Все имущество, все до последней пылинки, отец передал на хранение в Гуляйпольскую казну, поставив об этом в известность ЧК и лично Лаубэ. Но категорически отказался выдать людей по требованию того же Лаубэ, ввиду того что он уже отправил в Харьков рапорт с просьбой немедленно прислать комиссию для сдачи ей людей и имущества.

Слово чести

Из Харькова в Гуляйполе немедленно прибыл Вячеслав Рудольфович Менжинский — член Президиума ВЧК УССР. Когда отец вошел в кабинет с докладом, Менжинский вдруг поднялся и заявил:

— Именем военно-революционного трибунала вы арестованы. Всех махновцев немедленно передать в распоряжение ЧК.

Всего мог ожидать отец, но не такого приема. Все мог вытерпеть, но ни при каких обстоятельствах, никогда — подлости и несправедливости.

Отец рассказывал, что он положил на стол все документы, оружие и даже снял военную гимнастерку, и, повернувшись к вошедшим красноармейцам, заявил:

— Ну, что же вы стоите? Берите меня под стражу. Я арестант!

Никто из красноармейцев не тронулся с места.

Лаубэ вскочил быстро, выслал всех из кабинета.

Менжинский обратился к отцу с просьбой успокоиться, не горячиться.

Он заявил, что к ним в Харьков поступил материал, что отец слишком мягко поступает с врагами и не выполняет распоряжений ЧК, тем самым дискредитирует ответственный советский орган. Но он надеется, что все это недоразумение, и все можно будет решить гораздо проще, чем минуту назад.

Отец ответил, что он твердо и решительно боролся с врагами, защищая нашу родину на поле боя. Но те, кто добровольно сдались в наши руки, по нашей, нами объявленной амнистии, ждут не расстрела из-за угла, а ждут справедливого решения их судьбы.

— Я связан словом чести, и воинская честь для меня дороже всего. Мы же коммунисты, а не бандиты. Со мной поступайте, как хотите, в соответствии с полученным вами приказом. Но я твердо стою на своем. Мое слово окончательное, и до тех пор, пока не приедет комиссия, дальнейшие разговоры со мной я считаю бесполезными.

Когда отец вернулся, все уже знали, что произошло. Все были потрясены:

— Это за что же? — недоумевали все.

Забудько после возвращения отца влетел к нам в комнату, это даже я помню, и умолял отца не передавать их в ЧК Лаубэ. Он спал в кабинете отца в канцелярии, по существу, у нас под дверью, до последнего момента, до тех пор, пока не приехала из Харькова комиссия, которая многих рядовых передала на поруки родным и близким, ведь почти весь рядовой состав этой армии состоял из крестьян близлежащих сел.

А весь комсостав был отправлен в Харьков.
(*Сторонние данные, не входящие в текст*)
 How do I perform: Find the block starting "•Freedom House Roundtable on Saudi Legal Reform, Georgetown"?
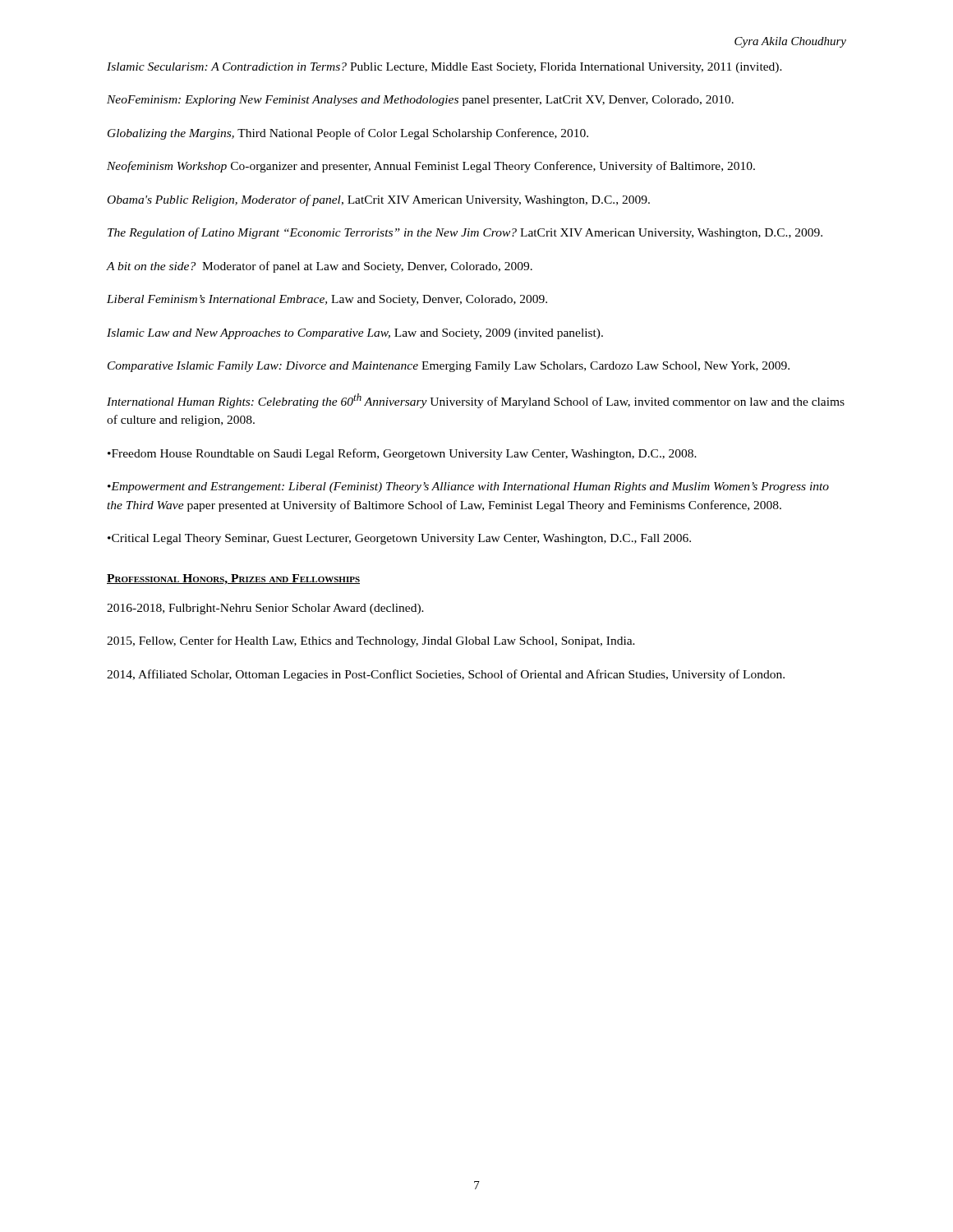click(402, 453)
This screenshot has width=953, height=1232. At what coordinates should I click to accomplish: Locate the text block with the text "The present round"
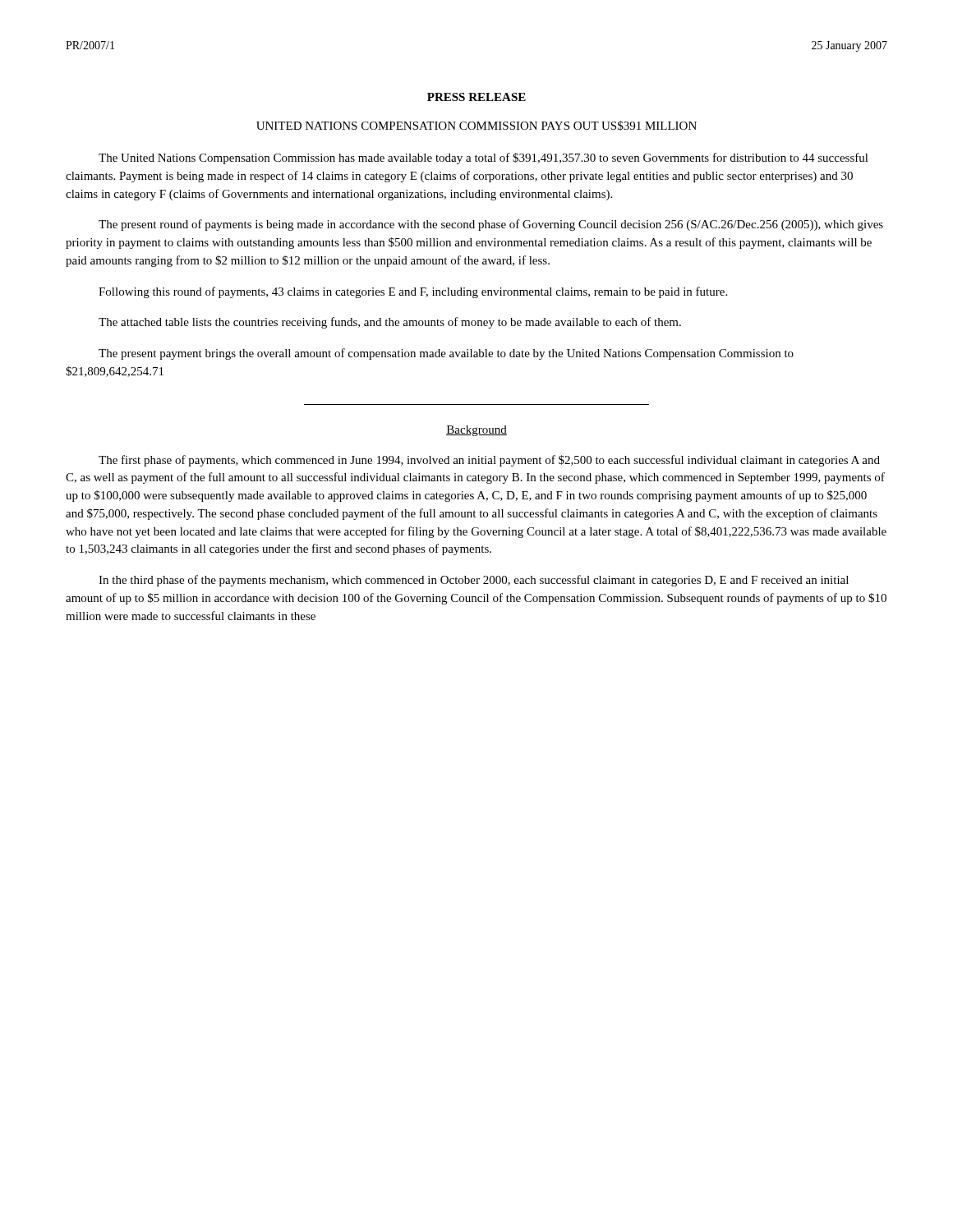[476, 243]
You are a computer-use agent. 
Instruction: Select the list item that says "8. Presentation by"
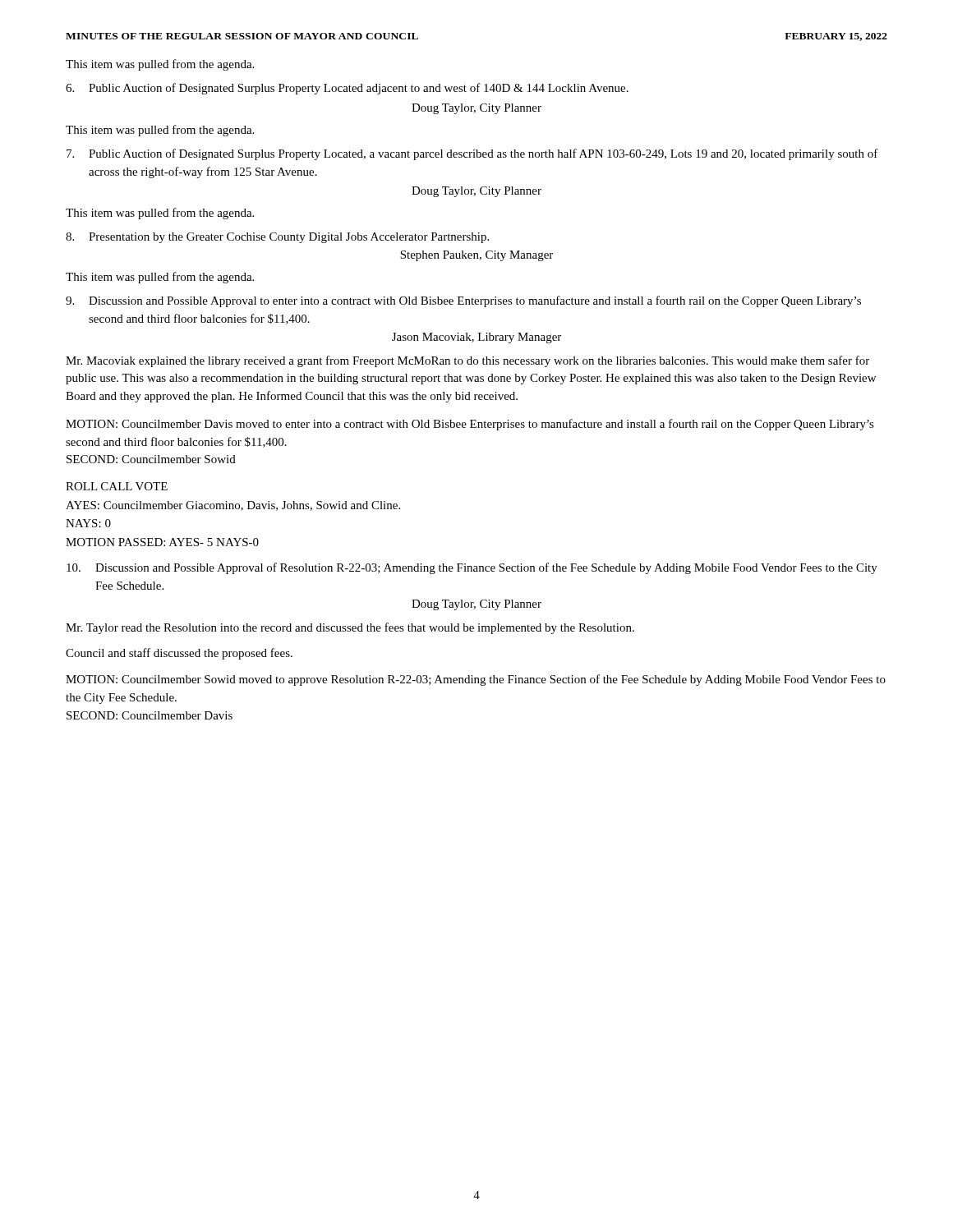[476, 245]
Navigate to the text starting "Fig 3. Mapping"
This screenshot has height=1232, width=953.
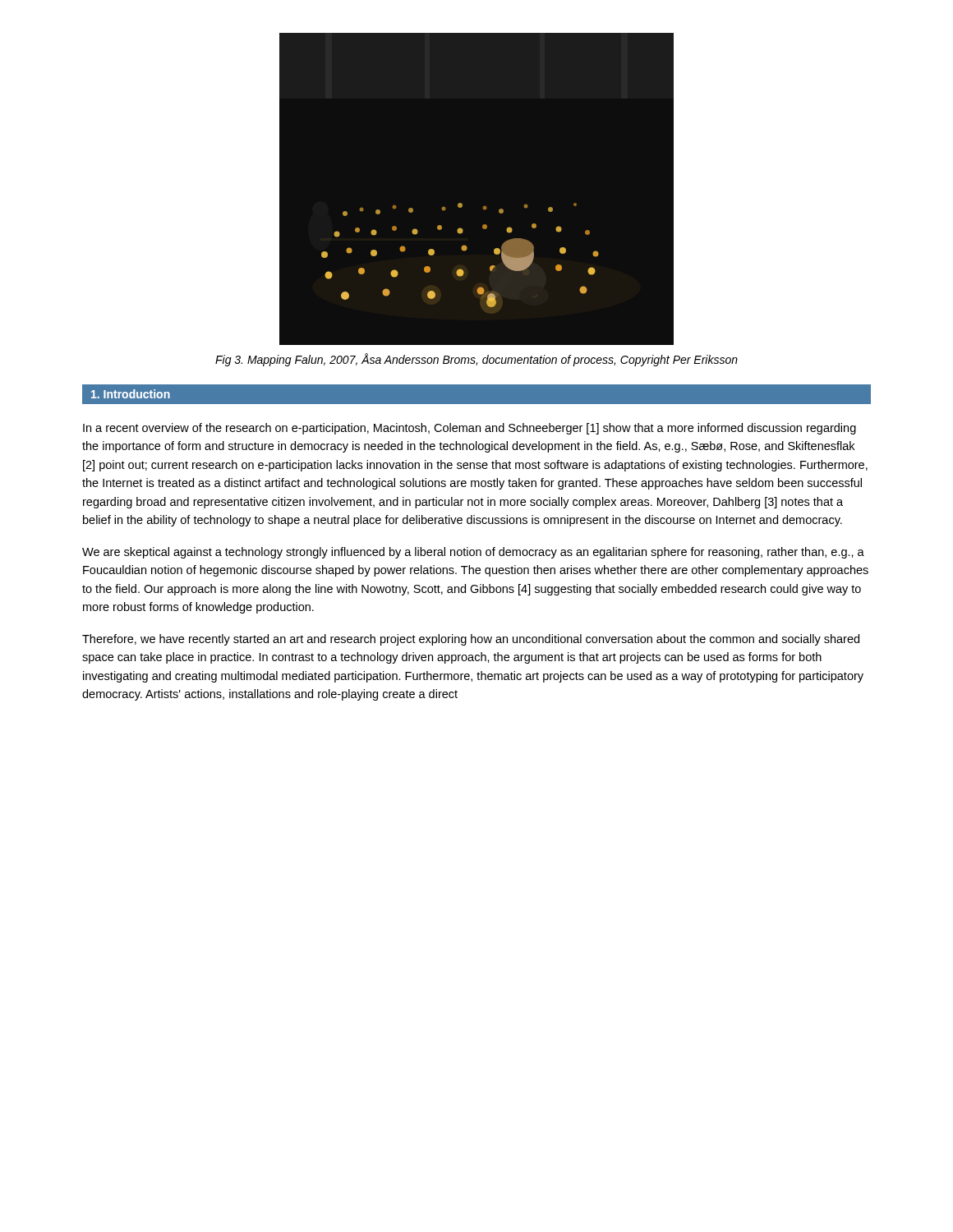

Я помню, отец рассказывал, что иногда он встречал на разных конференциях и совещаниях кое-кого из них, значит, некоторые сумели примириться, приспособиться и работать на советскую власть. Что касается Забудько, я никогда ничего о нем от папы не слышала, и я думаю, если бы папа когда-нибудь его встретил, он бы об этом упомянул.

Ведь действительно, произошло, по существу, историческое событие. Закончилась, закрылась еще одна страница нашей чисто русской истории.

Русский самородок

Появление и существование Махно с его 50-тысячной армией (а иногда даже больше), принимавшего самое активное участие в гражданской войне, имевшего свою программу, за которую шла без оглядки в бой его армия, — это явление сродни появлению Стеньки Разина, Пугачева, Ермака в русской истории, и к этому нельзя относиться как к просто бандитизму.

Отец считал, что и сам Махно это не просто бандит, а типично русский самородок, как Стенька Разин, Ермак, Пугачев и многие другие. И что Махно и махновщина — одно из очень интересных, важных и очень запутанных явлений, происходивших в годы гражданской войны.

И что роль Махно на Украине во время гражданской войны, в борьбе за освобождение Украины от немецких оккупантов и белогвардейщины, а также его борьбу с большевиками-коммунистами еще никто не потрудился толком исследовать, проанализировать, распутать и описать.

— По существу, во время гражданской войны на Украине, — говорил отец, — было три армии, боровшихся за власть: Красная армия, Белая армия и армия батьки Махно.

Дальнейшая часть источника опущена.